Como políticas públicas de Educação podem colaborar para o fortalecimento do SUS, em médio e longo prazo?

As políticas públicas de Educação podem colaborar em muitos sentidos. Em primeiro lugar, há a necessidade de aperfeiçoar a intersetorialidade entre a Saúde e a Educação em diferentes níveis de ensino. Isso vem ocorrendo de forma exemplar, a meu ver, no programa Mais Médicos, mas poderia e deveria ocorrer em outras áreas. No âmbito da pós-graduação stricto sensu na área de Saúde Coletiva, por exemplo, processos de formação e resultados de pesquisa poderiam ser mais e melhor apropriados pelo SUS. Tais estudos, em dissertações e teses, versam em grande parte sobre temas de interesse para o fortalecimento do sistema de saúde. Cabe também registrar a possibilidade de indução do Ministério da Saúde por meio de editais de incentivo à formação acadêmica de impacto para o SUS e maior apoio a mestrados profissionais, que tenham por objetivo promover a aproximação entre a academia e os serviços de saúde.

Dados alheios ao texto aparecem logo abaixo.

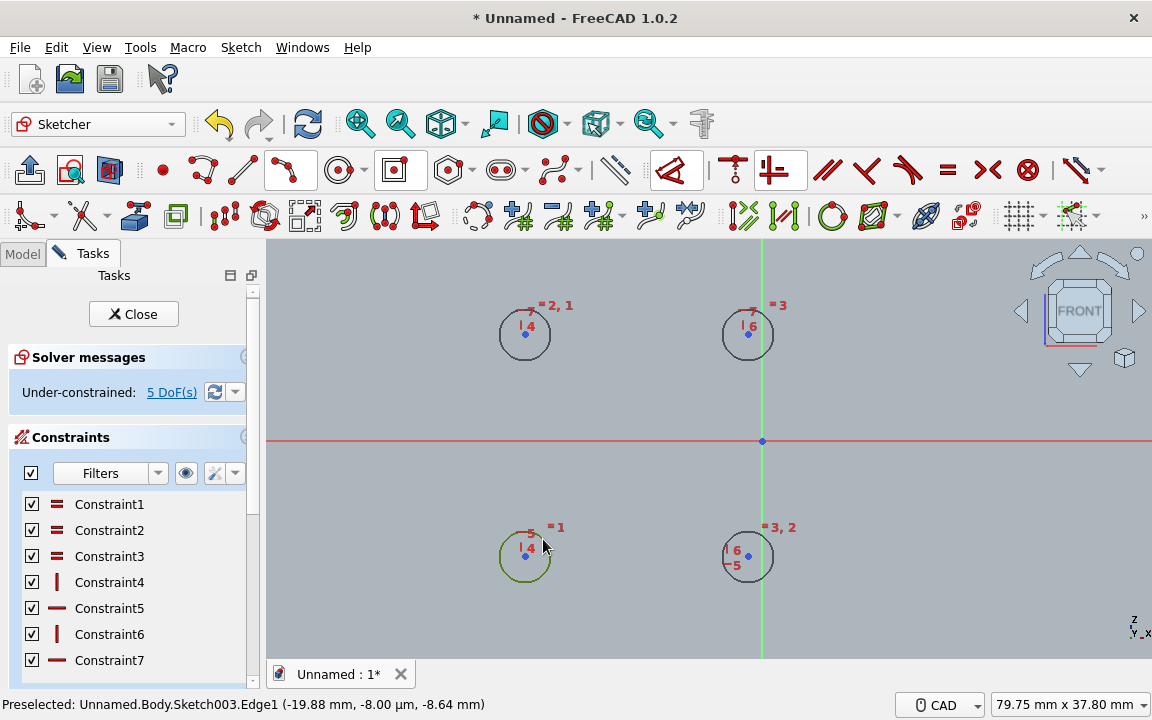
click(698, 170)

No que se refere a processos formativos em larga escala e à educação permanente, a Universidade Aberta do SUS (UNA-SUS), cuja secretaria executiva é exercida pela Fiocruz, cumpre importante papel ao coordenar uma rede de 36 instituições de Ensino Superior que oferecem cursos e materiais educacionais, orientados pela perspectiva generosa do acesso aberto a recursos educacionais. Trata-se de oferta pública e que busca aproximar academia e serviços. É um exemplo de política pública a ser aprofundada e aperfeiçoada. Ainda nesta linha, ao lado da Associação Brasileira de Saúde Coletiva (Abrasco), da Associação Brasileira de Educação Médica (Abem), da Sociedade Brasileira de Medicina da Família e da Comunidade e de 26 universidades, a Fiocruz coordena uma iniciativa pioneira para realização de Mestrado Profissional em Rede para a Saúde da Família – Profsaúde. Trata-se de um programa estratégico para os objetivos do Mais Médicos, uma vez que estaremos formando profissionais para a tutoria e a docência dos novos cursos de medicina.  No momento, aguardamos a avaliação pela Coordenação de Aperfeiçoamento de Pessoal de Ensino Superior (Capes) e temos certeza que a iniciativa fortalecerá o programa Mais Médicos, o diálogo entre as universidades e contribuirá para a formação em saúde, em consonância com os cenários possíveis e desejáveis prospectados pela rede Brasil Saúde Amanhã.